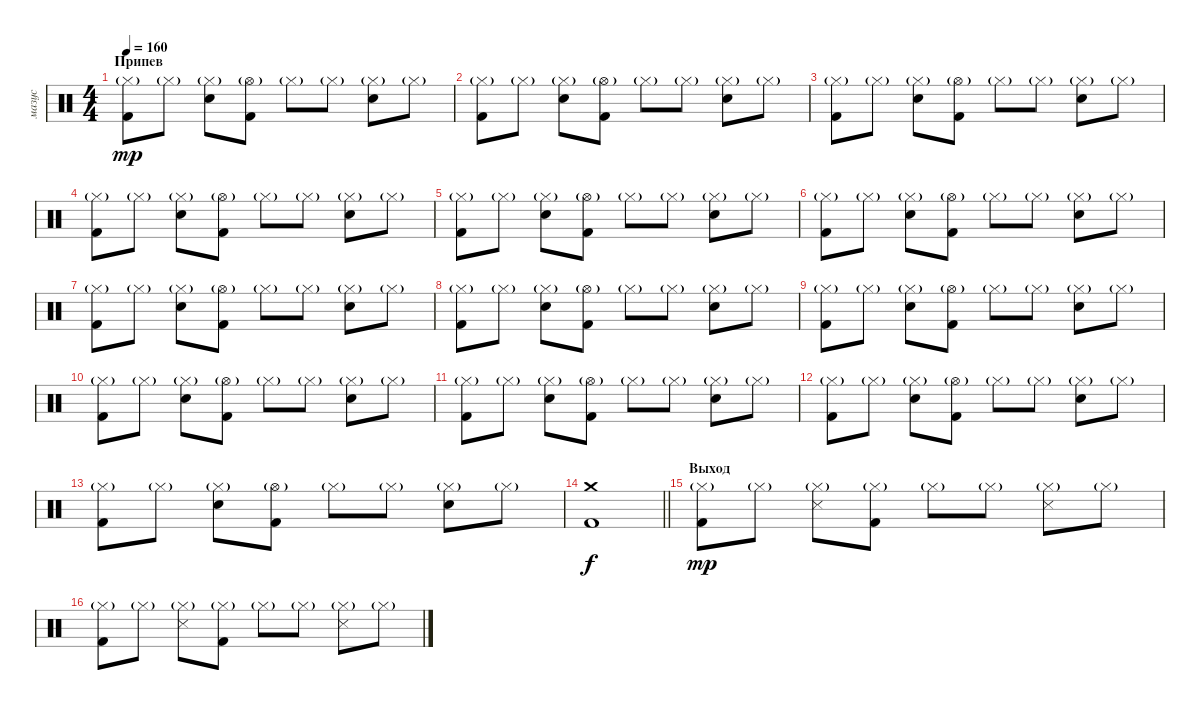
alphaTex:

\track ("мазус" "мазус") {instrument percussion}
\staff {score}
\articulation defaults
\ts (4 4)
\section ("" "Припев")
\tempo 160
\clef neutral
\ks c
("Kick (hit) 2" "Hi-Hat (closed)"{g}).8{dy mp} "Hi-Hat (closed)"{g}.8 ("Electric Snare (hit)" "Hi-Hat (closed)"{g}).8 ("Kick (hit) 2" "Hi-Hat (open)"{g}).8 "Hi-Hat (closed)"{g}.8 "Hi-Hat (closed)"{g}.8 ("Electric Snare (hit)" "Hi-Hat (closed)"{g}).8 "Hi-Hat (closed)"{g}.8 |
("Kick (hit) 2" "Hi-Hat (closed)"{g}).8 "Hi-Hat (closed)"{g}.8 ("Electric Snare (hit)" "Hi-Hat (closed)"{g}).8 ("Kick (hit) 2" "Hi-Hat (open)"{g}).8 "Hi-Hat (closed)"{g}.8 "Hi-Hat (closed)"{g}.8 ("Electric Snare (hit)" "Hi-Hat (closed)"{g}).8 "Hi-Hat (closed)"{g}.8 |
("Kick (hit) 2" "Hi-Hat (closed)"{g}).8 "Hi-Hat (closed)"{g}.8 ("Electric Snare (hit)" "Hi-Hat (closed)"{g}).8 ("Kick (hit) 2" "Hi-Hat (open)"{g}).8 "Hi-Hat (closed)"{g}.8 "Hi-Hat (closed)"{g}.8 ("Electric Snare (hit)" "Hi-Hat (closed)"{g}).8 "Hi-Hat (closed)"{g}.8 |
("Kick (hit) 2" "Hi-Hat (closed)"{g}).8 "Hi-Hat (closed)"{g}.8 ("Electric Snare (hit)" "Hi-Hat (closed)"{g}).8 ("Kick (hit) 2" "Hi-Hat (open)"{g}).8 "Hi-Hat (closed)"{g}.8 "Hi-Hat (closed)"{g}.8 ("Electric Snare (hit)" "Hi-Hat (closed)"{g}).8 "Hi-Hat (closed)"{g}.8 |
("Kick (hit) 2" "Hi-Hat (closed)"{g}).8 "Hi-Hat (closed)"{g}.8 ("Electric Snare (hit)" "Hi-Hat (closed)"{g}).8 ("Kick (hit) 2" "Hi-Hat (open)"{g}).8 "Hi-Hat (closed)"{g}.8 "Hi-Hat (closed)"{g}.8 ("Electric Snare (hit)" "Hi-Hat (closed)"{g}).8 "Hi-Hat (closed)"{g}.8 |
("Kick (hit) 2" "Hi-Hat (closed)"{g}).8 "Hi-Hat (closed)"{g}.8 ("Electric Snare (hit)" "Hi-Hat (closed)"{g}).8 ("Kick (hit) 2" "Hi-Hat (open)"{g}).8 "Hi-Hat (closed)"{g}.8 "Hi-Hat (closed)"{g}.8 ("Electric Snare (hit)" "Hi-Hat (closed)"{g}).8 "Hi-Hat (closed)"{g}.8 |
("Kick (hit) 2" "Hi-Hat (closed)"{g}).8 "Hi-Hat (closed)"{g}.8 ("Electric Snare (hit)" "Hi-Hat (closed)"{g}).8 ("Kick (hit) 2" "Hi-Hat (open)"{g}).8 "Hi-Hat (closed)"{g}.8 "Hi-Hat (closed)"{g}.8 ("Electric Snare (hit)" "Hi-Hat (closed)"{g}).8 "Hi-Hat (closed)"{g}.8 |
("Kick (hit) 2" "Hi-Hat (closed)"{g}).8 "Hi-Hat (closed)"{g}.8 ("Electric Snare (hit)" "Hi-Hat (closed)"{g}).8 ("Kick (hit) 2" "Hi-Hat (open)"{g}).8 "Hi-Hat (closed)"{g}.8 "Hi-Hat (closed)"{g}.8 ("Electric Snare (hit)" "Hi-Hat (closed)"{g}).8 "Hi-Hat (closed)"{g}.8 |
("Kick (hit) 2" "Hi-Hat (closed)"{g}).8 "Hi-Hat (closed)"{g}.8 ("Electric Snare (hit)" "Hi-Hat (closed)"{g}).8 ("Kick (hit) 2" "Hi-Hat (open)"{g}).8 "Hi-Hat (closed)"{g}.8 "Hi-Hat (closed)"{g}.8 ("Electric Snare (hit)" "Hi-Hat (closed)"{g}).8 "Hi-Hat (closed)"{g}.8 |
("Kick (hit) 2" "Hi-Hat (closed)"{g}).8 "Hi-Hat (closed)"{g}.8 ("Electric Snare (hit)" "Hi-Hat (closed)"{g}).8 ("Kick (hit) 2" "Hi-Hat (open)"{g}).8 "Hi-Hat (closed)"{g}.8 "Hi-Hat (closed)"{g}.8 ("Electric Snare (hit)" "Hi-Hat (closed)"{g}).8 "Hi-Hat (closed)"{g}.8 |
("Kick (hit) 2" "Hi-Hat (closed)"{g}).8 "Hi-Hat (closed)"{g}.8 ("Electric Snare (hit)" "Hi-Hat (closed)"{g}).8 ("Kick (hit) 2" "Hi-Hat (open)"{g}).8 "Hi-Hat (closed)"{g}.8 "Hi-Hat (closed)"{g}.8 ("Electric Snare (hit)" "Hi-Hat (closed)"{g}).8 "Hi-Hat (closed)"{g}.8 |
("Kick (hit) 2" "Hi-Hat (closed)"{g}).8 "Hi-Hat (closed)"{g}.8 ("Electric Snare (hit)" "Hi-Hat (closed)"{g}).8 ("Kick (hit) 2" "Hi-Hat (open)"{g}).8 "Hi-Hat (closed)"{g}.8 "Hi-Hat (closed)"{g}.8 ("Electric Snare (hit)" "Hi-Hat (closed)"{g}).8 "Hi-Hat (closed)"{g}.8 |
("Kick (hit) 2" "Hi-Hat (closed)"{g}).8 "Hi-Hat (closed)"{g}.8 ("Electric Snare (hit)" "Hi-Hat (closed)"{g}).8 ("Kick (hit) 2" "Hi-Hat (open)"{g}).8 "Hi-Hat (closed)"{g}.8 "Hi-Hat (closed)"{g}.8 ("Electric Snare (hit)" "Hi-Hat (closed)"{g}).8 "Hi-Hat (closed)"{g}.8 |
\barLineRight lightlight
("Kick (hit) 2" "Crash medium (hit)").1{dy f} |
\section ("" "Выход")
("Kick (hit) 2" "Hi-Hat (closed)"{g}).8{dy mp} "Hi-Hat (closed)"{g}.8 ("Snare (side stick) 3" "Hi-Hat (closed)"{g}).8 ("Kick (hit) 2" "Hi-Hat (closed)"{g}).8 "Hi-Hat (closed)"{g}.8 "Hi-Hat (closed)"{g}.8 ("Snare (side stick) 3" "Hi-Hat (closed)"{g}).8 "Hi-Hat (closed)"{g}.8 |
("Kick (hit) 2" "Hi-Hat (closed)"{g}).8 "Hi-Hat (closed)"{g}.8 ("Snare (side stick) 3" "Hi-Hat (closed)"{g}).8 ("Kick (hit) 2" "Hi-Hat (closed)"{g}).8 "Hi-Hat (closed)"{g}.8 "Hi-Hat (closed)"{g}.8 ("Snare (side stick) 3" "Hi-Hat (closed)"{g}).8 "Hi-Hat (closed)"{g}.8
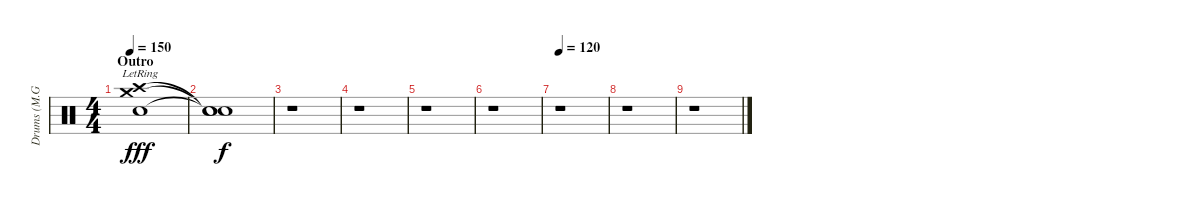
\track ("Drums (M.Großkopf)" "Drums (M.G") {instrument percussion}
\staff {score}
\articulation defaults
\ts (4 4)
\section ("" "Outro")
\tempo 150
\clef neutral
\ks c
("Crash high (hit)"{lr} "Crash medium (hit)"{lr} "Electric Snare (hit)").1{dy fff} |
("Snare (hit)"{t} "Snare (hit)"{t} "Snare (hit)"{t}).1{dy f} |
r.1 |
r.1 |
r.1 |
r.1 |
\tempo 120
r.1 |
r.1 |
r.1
:::
### Task objective
The records above are to be repeated exactly, apart from their pictures.

### Output of the exercise
alphaTex:

\track ("мазус" "мазус") {instrument percussion}
\staff {score}
\articulation defaults
\ts (4 4)
\section ("" "Припев")
\tempo 160
\clef neutral
\ks c
("Kick (hit) 2" "Hi-Hat (closed)"{g}).8{dy mp} "Hi-Hat (closed)"{g}.8 ("Electric Snare (hit)" "Hi-Hat (closed)"{g}).8 ("Kick (hit) 2" "Hi-Hat (open)"{g}).8 "Hi-Hat (closed)"{g}.8 "Hi-Hat (closed)"{g}.8 ("Electric Snare (hit)" "Hi-Hat (closed)"{g}).8 "Hi-Hat (closed)"{g}.8 |
("Kick (hit) 2" "Hi-Hat (closed)"{g}).8 "Hi-Hat (closed)"{g}.8 ("Electric Snare (hit)" "Hi-Hat (closed)"{g}).8 ("Kick (hit) 2" "Hi-Hat (open)"{g}).8 "Hi-Hat (closed)"{g}.8 "Hi-Hat (closed)"{g}.8 ("Electric Snare (hit)" "Hi-Hat (closed)"{g}).8 "Hi-Hat (closed)"{g}.8 |
("Kick (hit) 2" "Hi-Hat (closed)"{g}).8 "Hi-Hat (closed)"{g}.8 ("Electric Snare (hit)" "Hi-Hat (closed)"{g}).8 ("Kick (hit) 2" "Hi-Hat (open)"{g}).8 "Hi-Hat (closed)"{g}.8 "Hi-Hat (closed)"{g}.8 ("Electric Snare (hit)" "Hi-Hat (closed)"{g}).8 "Hi-Hat (closed)"{g}.8 |
("Kick (hit) 2" "Hi-Hat (closed)"{g}).8 "Hi-Hat (closed)"{g}.8 ("Electric Snare (hit)" "Hi-Hat (closed)"{g}).8 ("Kick (hit) 2" "Hi-Hat (open)"{g}).8 "Hi-Hat (closed)"{g}.8 "Hi-Hat (closed)"{g}.8 ("Electric Snare (hit)" "Hi-Hat (closed)"{g}).8 "Hi-Hat (closed)"{g}.8 |
("Kick (hit) 2" "Hi-Hat (closed)"{g}).8 "Hi-Hat (closed)"{g}.8 ("Electric Snare (hit)" "Hi-Hat (closed)"{g}).8 ("Kick (hit) 2" "Hi-Hat (open)"{g}).8 "Hi-Hat (closed)"{g}.8 "Hi-Hat (closed)"{g}.8 ("Electric Snare (hit)" "Hi-Hat (closed)"{g}).8 "Hi-Hat (closed)"{g}.8 |
("Kick (hit) 2" "Hi-Hat (closed)"{g}).8 "Hi-Hat (closed)"{g}.8 ("Electric Snare (hit)" "Hi-Hat (closed)"{g}).8 ("Kick (hit) 2" "Hi-Hat (open)"{g}).8 "Hi-Hat (closed)"{g}.8 "Hi-Hat (closed)"{g}.8 ("Electric Snare (hit)" "Hi-Hat (closed)"{g}).8 "Hi-Hat (closed)"{g}.8 |
("Kick (hit) 2" "Hi-Hat (closed)"{g}).8 "Hi-Hat (closed)"{g}.8 ("Electric Snare (hit)" "Hi-Hat (closed)"{g}).8 ("Kick (hit) 2" "Hi-Hat (open)"{g}).8 "Hi-Hat (closed)"{g}.8 "Hi-Hat (closed)"{g}.8 ("Electric Snare (hit)" "Hi-Hat (closed)"{g}).8 "Hi-Hat (closed)"{g}.8 |
("Kick (hit) 2" "Hi-Hat (closed)"{g}).8 "Hi-Hat (closed)"{g}.8 ("Electric Snare (hit)" "Hi-Hat (closed)"{g}).8 ("Kick (hit) 2" "Hi-Hat (open)"{g}).8 "Hi-Hat (closed)"{g}.8 "Hi-Hat (closed)"{g}.8 ("Electric Snare (hit)" "Hi-Hat (closed)"{g}).8 "Hi-Hat (closed)"{g}.8 |
("Kick (hit) 2" "Hi-Hat (closed)"{g}).8 "Hi-Hat (closed)"{g}.8 ("Electric Snare (hit)" "Hi-Hat (closed)"{g}).8 ("Kick (hit) 2" "Hi-Hat (open)"{g}).8 "Hi-Hat (closed)"{g}.8 "Hi-Hat (closed)"{g}.8 ("Electric Snare (hit)" "Hi-Hat (closed)"{g}).8 "Hi-Hat (closed)"{g}.8 |
("Kick (hit) 2" "Hi-Hat (closed)"{g}).8 "Hi-Hat (closed)"{g}.8 ("Electric Snare (hit)" "Hi-Hat (closed)"{g}).8 ("Kick (hit) 2" "Hi-Hat (open)"{g}).8 "Hi-Hat (closed)"{g}.8 "Hi-Hat (closed)"{g}.8 ("Electric Snare (hit)" "Hi-Hat (closed)"{g}).8 "Hi-Hat (closed)"{g}.8 |
("Kick (hit) 2" "Hi-Hat (closed)"{g}).8 "Hi-Hat (closed)"{g}.8 ("Electric Snare (hit)" "Hi-Hat (closed)"{g}).8 ("Kick (hit) 2" "Hi-Hat (open)"{g}).8 "Hi-Hat (closed)"{g}.8 "Hi-Hat (closed)"{g}.8 ("Electric Snare (hit)" "Hi-Hat (closed)"{g}).8 "Hi-Hat (closed)"{g}.8 |
("Kick (hit) 2" "Hi-Hat (closed)"{g}).8 "Hi-Hat (closed)"{g}.8 ("Electric Snare (hit)" "Hi-Hat (closed)"{g}).8 ("Kick (hit) 2" "Hi-Hat (open)"{g}).8 "Hi-Hat (closed)"{g}.8 "Hi-Hat (closed)"{g}.8 ("Electric Snare (hit)" "Hi-Hat (closed)"{g}).8 "Hi-Hat (closed)"{g}.8 |
("Kick (hit) 2" "Hi-Hat (closed)"{g}).8 "Hi-Hat (closed)"{g}.8 ("Electric Snare (hit)" "Hi-Hat (closed)"{g}).8 ("Kick (hit) 2" "Hi-Hat (open)"{g}).8 "Hi-Hat (closed)"{g}.8 "Hi-Hat (closed)"{g}.8 ("Electric Snare (hit)" "Hi-Hat (closed)"{g}).8 "Hi-Hat (closed)"{g}.8 |
\barLineRight lightlight
("Kick (hit) 2" "Crash medium (hit)").1{dy f} |
\section ("" "Выход")
("Kick (hit) 2" "Hi-Hat (closed)"{g}).8{dy mp} "Hi-Hat (closed)"{g}.8 ("Snare (side stick) 3" "Hi-Hat (closed)"{g}).8 ("Kick (hit) 2" "Hi-Hat (closed)"{g}).8 "Hi-Hat (closed)"{g}.8 "Hi-Hat (closed)"{g}.8 ("Snare (side stick) 3" "Hi-Hat (closed)"{g}).8 "Hi-Hat (closed)"{g}.8 |
("Kick (hit) 2" "Hi-Hat (closed)"{g}).8 "Hi-Hat (closed)"{g}.8 ("Snare (side stick) 3" "Hi-Hat (closed)"{g}).8 ("Kick (hit) 2" "Hi-Hat (closed)"{g}).8 "Hi-Hat (closed)"{g}.8 "Hi-Hat (closed)"{g}.8 ("Snare (side stick) 3" "Hi-Hat (closed)"{g}).8 "Hi-Hat (closed)"{g}.8
\track ("Drums (M.Großkopf)" "Drums (M.G") {instrument percussion}
\staff {score}
\articulation defaults
\ts (4 4)
\section ("" "Outro")
\tempo 150
\clef neutral
\ks c
("Crash high (hit)"{lr} "Crash medium (hit)"{lr} "Electric Snare (hit)").1{dy fff} |
("Snare (hit)"{t} "Snare (hit)"{t} "Snare (hit)"{t}).1{dy f} |
r.1 |
r.1 |
r.1 |
r.1 |
\tempo 120
r.1 |
r.1 |
r.1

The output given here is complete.